DATA FOR THIS EXERCISE »
★ ★ ★ ★
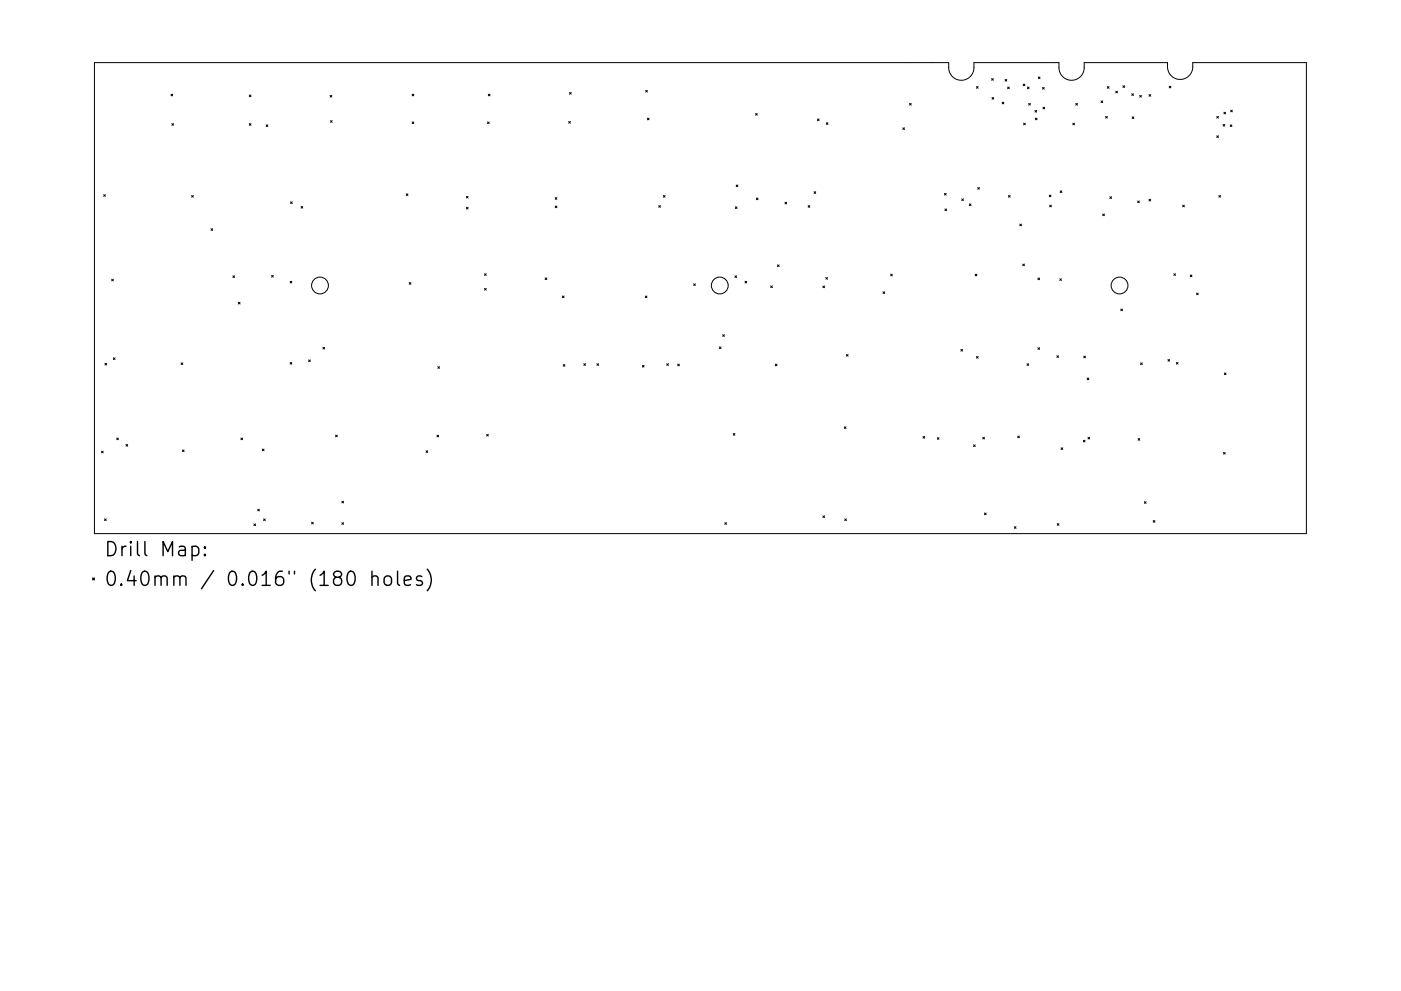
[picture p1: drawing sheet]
<svg xmlns="http://www.w3.org/2000/svg" width="297mm" height="210mm" viewBox="0 0 297 210" stroke-linecap="round" stroke-linejoin="round" font-family="sans-serif">
<defs><g id="words">
<g font-size="4.2">
<text x="22" y="118">Drill Map:</text>
<text x="22" y="124.3">0.40mm / 0.016&quot; (180 holes)</text>
</g>
</g></defs>
<g fill="none" stroke="#000" stroke-width=".21">
<path d="M20 13.3h181.1v1.1a2.68 2.68 0 0 0 2.7 2.6 2.68 2.68 0 0 0 2.7-2.6v-1.1h18v1.1a2.68 2.68 0 0 0 2.7 2.6 2.68 2.68 0 0 0 2.7-2.6v-1.1h17.6v.9a2.68 2.68 0 0 0 2.7 2.7 2.68 2.68 0 0 0 2.7-2.7v-.9h24.1v99.9h-257zM36.3 20l.3 .3M36.6 20l-.3 .3M87.4 20l.3 .3M87.7 20l-.3 .3M103.5 20l.4 .3M103.9 20l-.4 .3M120.8 19.6l.3 .4M121.1 19.6l-.3 .4M136.9 19.2l.4 .3M137.3 19.2l-.4 .3M207 18.4l.4 .3"/>
<path d="M207.4 18.4l-.4 .3M210.2 16.7l.4 .3M210.6 16.7l-.4 .3M213.1 16.9l.4 .3M213.5 16.9l-.4 .3M213.6 18.5l.4 .3M214 18.5l-.4 .3M216.9 17.8l.4 .4M217.3 17.8l-.4 .4M217.8 18.5l.4 .3M218.2 18.5l-.4 .3M220.1 16.3l.4 .4"/>
<path d="M220.5 16.3l-.4 .4M221 18.6l.4 .3M221.4 18.6l-.4 .3M234.8 18.4l.3 .3M235.1 18.4l-.3 .3M236.6 19.4l.3 .3M236.9 19.4l-.3 .3M238.1 18.2l.3 .4M238.4 18.2l-.3 .4M240 19.9l.3 .3M240.3 19.9l-.3 .3M247.9 18.3l.4 .3"/>
<path d="M248.3 18.3l-.4 .3M36.4 26.2l.4 .4M36.8 26.2l-.4 .4M52.9 20.2l.3 .3M52.9 26.2l.3 .4M53.2 20.2l-.3 .3M53.2 26.2l-.3 .4M56.4 26.5l.4 .3M56.8 26.5l-.4 .3M70 20.2l.3 .4M70.1 25.6l.3 .4M70.3 20.2l-.3 .4"/>
<path d="M70.4 25.6l-.3 .4M87.4 25.9l.3 .3M87.7 25.9l-.3 .3M103.4 25.9l.3 .3M103.7 25.9l-.3 .3M120.6 25.8l.3 .3M120.9 25.8l-.3 .3M137.3 25.1l.3 .3M137.6 25.1l-.3 .3M156.1 39.3l.3 .3M156.4 39.3l-.3 .3M160.2 24.1l.3 .3"/>
<path d="M160.5 24.1l-.3 .3M173.3 25.2l.4 .4M173.7 25.2l-.4 .4M175.2 26l.3 .4M175.5 26l-.3 .4M191.4 27.1l.4 .4M191.8 27.1l-.4 .4M192.8 21.9l.4 .4M193.2 21.9l-.4 .4M207.3 39.8l.4 .3M207.7 39.8l-.4 .3M210.3 20.7l.4 .3"/>
<path d="M210.7 20.7l-.4 .3M212.5 21.7l.3 .3M212.8 21.7l-.3 .3M217 26.1l.4 .4M217.4 26.1l-.4 .4M218.1 21.9l.4 .4M218.5 21.9l-.4 .4M219.4 23.4l.4 .4M219.5 25.1l.4 .3M219.8 23.4l-.4 .4M219.9 25.1l-.4 .3M221.1 22.7l.4 .4"/>
<path d="M221.5 22.7l-.4 .4M227.5 26.1l.3 .4M227.8 26.1l-.3 .4M228.1 21.9l.3 .4M228.4 21.9l-.3 .4M233.4 21.4l.4 .4M233.8 21.4l-.4 .4M234.4 24.7l.4 .4M234.8 24.7l-.4 .4M240 24.8l.4 .4M240.4 24.8l-.4 .4M241.6 20.2l.4 .4"/>
<path d="M242 20.2l-.4 .4M243.6 20.1l.4 .3M244 20.1l-.4 .3M258 24.7l.3 .4M258 28.8l.3 .4M258.3 24.7l-.3 .4M258.3 28.8l-.3 .4M259.3 26.4l.4 .4M259.5 23.8l.3 .4M259.7 26.4l-.4 .4M259.8 23.8l-.3 .4M260.8 26.5l.4 .3"/>
<path d="M260.9 23.4l.4 .3M261.2 26.5l-.4 .3M261.3 23.4l-.4 .3M22 41.3l.3 .4M22.3 41.3l-.3 .4M23.7 59.2l.3 .4M24 59.2l-.3 .4M40.6 41.5l.4 .3M41 41.5l-.4 .3M44.7 48.5l.4 .4M45.1 48.5l-.4 .4M49.4 58.5l.3 .4"/>
<path d="M49.7 58.5l-.3 .4M57.6 58.4l.3 .4M57.9 58.4l-.3 .4M61.5 59.7l.4 .3M61.6 42.8l.4 .4M61.9 59.7l-.4 .3M62 42.8l-.4 .4M63.8 43.8l.4 .4M64.2 43.8l-.4 .4M86.1 41.1l.4 .4M86.5 41.1l-.4 .4M86.8 59.9l.3 .4"/>
<path d="M87.1 59.9l-.3 .4M98.9 41.7l.4 .3M98.9 44l.4 .3M99.3 41.7l-.4 .3M99.3 44l-.4 .3M102.7 58.1l.4 .3M103.1 58.1l-.4 .3M115.6 59l.3 .3M115.9 59l-.3 .3M117.7 41.9l.4 .4M117.7 43.7l.4 .4M118.1 41.9l-.4 .4"/>
<path d="M118.1 43.7l-.4 .4M139.7 43.6l.3 .4M140 43.6l-.3 .4M140.6 41.5l.4 .3M141 41.5l-.4 .3M155.8 58.5l.4 .4M155.9 43.9l.4 .3M156.2 58.5l-.4 .4M156.3 43.9l-.4 .3M158 59.7l.3 .3M158.3 59.7l-.3 .3M160.4 42l.3 .4"/>
<path d="M160.7 42l-.3 .4M164.8 56.2l.4 .4M165.2 56.2l-.4 .4M166.4 42.9l.4 .4M166.8 42.9l-.4 .4M171.3 43.6l.4 .4M171.7 43.6l-.4 .4M172.6 40.7l.3 .3M172.9 40.7l-.3 .3M175.1 58.9l.3 .3M175.4 58.9l-.3 .3M188.8 58.2l.4 .3"/>
<path d="M189.2 58.2l-.4 .3M200.2 41l.4 .4M200.3 44.3l.4 .4M200.6 41l-.4 .4M200.7 44.3l-.4 .4M203.9 42.2l.4 .4M204.3 42.2l-.4 .4M205.5 43.3l.4 .3M205.9 43.3l-.4 .3M206.8 58.2l.3 .3M207.1 58.2l-.3 .3M213.8 41.5l.4 .3"/>
<path d="M214.2 41.5l-.4 .3M216.2 47.5l.4 .4M216.6 47.5l-.4 .4M216.8 56l.4 .4M217.2 56l-.4 .4M220.1 59l.3 .3M220.4 59l-.3 .3M222.5 41.4l.3 .3M222.6 43.5l.3 .4M222.8 41.4l-.3 .3M222.9 43.5l-.3 .4M224.7 59.1l.4 .4"/>
<path d="M224.8 40.5l.3 .4M225.1 59.1l-.4 .4M225.1 40.5l-.3 .4M233.8 45.4l.4 .4M234.2 45.4l-.4 .4M235.3 41.7l.4 .4M235.7 41.7l-.4 .4M241.2 42.6l.4 .4M241.6 42.6l-.4 .4M243.6 42.3l.4 .3M244 42.3l-.4 .3M248.9 58.1l.3 .3"/>
<path d="M249.2 58.1l-.3 .3M250.7 43.5l.4 .4M251.1 43.5l-.4 .4M252.4 58.3l.3 .4M252.7 58.3l-.3 .4M258.4 41.5l.4 .3M258.8 41.5l-.4 .3M22.3 77.1l.3 .3M22.6 77.1l-.3 .3M24 75.9l.4 .4M24.4 75.9l-.4 .4M38.4 77l.4 .3"/>
<path d="M38.8 77l-.4 .3M50.5 64.1l.4 .4M50.9 64.1l-.4 .4M61.5 76.9l.4 .4M61.9 76.9l-.4 .4M65.4 76.4l.4 .3M65.8 76.4l-.4 .3M68.5 73.7l.3 .3M68.8 73.7l-.3 .3M92.8 77.8l.4 .4M93.2 77.8l-.4 .4M102.7 61.2l.4 .4"/>
<path d="M103.1 61.2l-.4 .4M119.2 62.8l.4 .4M119.4 77.3l.4 .4M119.6 62.8l-.4 .4M119.8 77.3l-.4 .4M123.8 77.2l.3 .3M124.1 77.2l-.3 .3M126.6 77.2l.3 .3M126.9 77.2l-.3 .3M136.2 77.5l.3 .4M136.5 77.5l-.3 .4M136.8 62.8l.4 .4"/>
<path d="M137.2 62.8l-.4 .4M141.4 77.2l.3 .3M141.7 77.2l-.3 .3M143.7 77.3l.3 .3M144 77.3l-.3 .3M147.1 60.2l.3 .4M147.4 60.2l-.3 .4M152.5 73.6l.4 .4M152.9 73.6l-.4 .4M153.2 71l.4 .4M153.6 71l-.4 .4M163.4 60.7l.4 .3"/>
<path d="M163.8 60.7l-.4 .3M164.4 77.3l.3 .3M164.7 77.3l-.3 .3M174.5 60.7l.3 .3M174.8 60.7l-.3 .3M179.5 75.2l.3 .4M179.8 75.2l-.3 .4M187.2 61.9l.4 .4M187.6 61.9l-.4 .4M203.7 74.1l.4 .4M204.1 74.1l-.4 .4M207 75.6l.4 .4"/>
<path d="M207.4 75.6l-.4 .4M217.7 77.2l.4 .3M218.1 77.2l-.4 .3M220.1 73.8l.3 .3M220.4 73.8l-.3 .3M224.1 75.5l.3 .3M224.4 75.5l-.3 .3M229.8 75.6l.3 .3M230.1 75.6l-.3 .3M237.6 65.6l.4 .3M238 65.6l-.4 .3M241.8 77l.4 .3"/>
<path d="M242.2 77l-.4 .3M247.6 76.3l.4 .3M248 76.3l-.4 .3M249.4 76.9l.4 .4M249.8 76.9l-.4 .4M253.7 62.2l.4 .3M254.1 62.2l-.4 .3M259.6 79.1l.3 .4M259.9 79.1l-.3 .4M21.5 95.7l.4 .4M21.9 95.7l-.4 .4M24.8 92.9l.3 .4"/>
<path d="M25.1 92.9l-.3 .4M26.7 94.3l.4 .4M27.1 94.3l-.4 .4M38.7 95.5l.3 .3M39 95.5l-.3 .3M51.1 92.9l.3 .4M51.4 92.9l-.3 .4M55.6 95.3l.4 .3M56 95.3l-.4 .3M71.1 92.3l.4 .4M71.5 92.3l-.4 .4M90.3 95.6l.4 .4"/>
<path d="M90.7 95.6l-.4 .4M92.6 92.3l.4 .4M93 92.3l-.4 .4M103.2 92.2l.3 .3M103.5 92.2l-.3 .3M155.5 92l.3 .3M155.8 92l-.3 .3M179 90.6l.4 .3M179.4 90.6l-.4 .3M195.7 92.6l.4 .4M196.1 92.6l-.4 .4M198.7 92.8l.4 .4"/>
<path d="M199.1 92.8l-.4 .4M206.4 94.4l.4 .3M206.8 94.4l-.4 .3M208.4 92.8l.3 .3M208.7 92.8l-.3 .3M215.8 92.5l.3 .4M216.1 92.5l-.3 .4M225 95l.3 .4M225.3 95l-.3 .4M229.7 93.4l.3 .4M230 93.4l-.3 .4M230.5 80.2l.4 .4"/>
<path d="M230.7 92.8l.3 .3M230.9 80.2l-.4 .4M231 92.8l-.3 .3M241.3 93.1l.3 .3M241.6 93.1l-.3 .3M259.4 96l.4 .4M259.8 96l-.4 .4M22.2 110.1l.3 .3M22.5 110.1l-.3 .3M53.8 111.2l.4 .3M54.2 111.2l-.4 .3M54.6 108l.4 .4"/>
<path d="M55 108l-.4 .4M55.9 110.1l.3 .3M56.2 110.1l-.3 .3M66.1 110.8l.3 .4M66.4 110.8l-.3 .4M72.5 106.3l.3 .4M72.5 110.9l.3 .4M72.8 106.3l-.3 .4M72.8 110.9l-.3 .4M153.7 110.9l.3 .4M154 110.9l-.3 .4M174.5 109.4l.3 .4"/>
<path d="M174.8 109.4l-.3 .4M179.1 110.1l.4 .3M179.5 110.1l-.4 .3M208.7 108.8l.4 .4M209.1 108.8l-.4 .4M215.1 111.7l.3 .4M215.4 111.7l-.3 .4M224.2 111.1l.3 .4M224.5 111.1l-.3 .4M242.6 106.4l.4 .4M243 106.4l-.4 .4M244.5 110.4l.4 .4"/>
<path d="M244.9 110.4l-.4 .4"/>
<circle cx="67.8" cy="60.6" r="1.78"/>
<circle cx="152.6" cy="60.6" r="1.78"/>
<circle cx="237.4" cy="60.6" r="1.78"/>
</g>
<path d="M40.7 116l.9-.1 .6 .6v.8l-.3 .5-.3 .1-.9-.1M43.4 117.6l.2 .2-.2 .1-.1-.1 .1-.2v.3M43.4 116l.2 .2-.2 .1-.1-.1 .1-.2v.3M19.6 122.7l.4 .3M20 122.7l-.4 .3M78.9 122.5a.75 .75 0 0 1 1.2 .1v1.6M78.9 121.2v3M81.7 122.3a.81 .81 0 0 1 1.3 .5v.8a.81 .81 0 0 1-.8 .6 .81 .81 0 0 1-.8-.6v-.8zM84.3 121.2v2.6l.4 .4M85.7 123.2l1.4-.3-.1-.6-.9-.1-.4 .4v1.2l.2 .3 .2 .1 .9-.1M89.4 122.3l-.7-.1-.4 .4 .1 .5 1 .2 .2 .3-.2 .5-.3 .1-.8-.1M90.6 120.8a3.4 3.4 0 0 1 0 4.5" fill="none" stroke="#000" stroke-width=".3"/>
<use href="#words"/>
</svg>
★ ★ ★ ★
WHAT THIS TASK INVOLVES »
Spot every line in the entries that includes the word "font", and copy each one out.

EXPECTED OUTPUT »
<svg xmlns="http://www.w3.org/2000/svg" width="297mm" height="210mm" viewBox="0 0 297 210" stroke-linecap="round" stroke-linejoin="round" font-family="sans-serif">
<g font-size="4.2">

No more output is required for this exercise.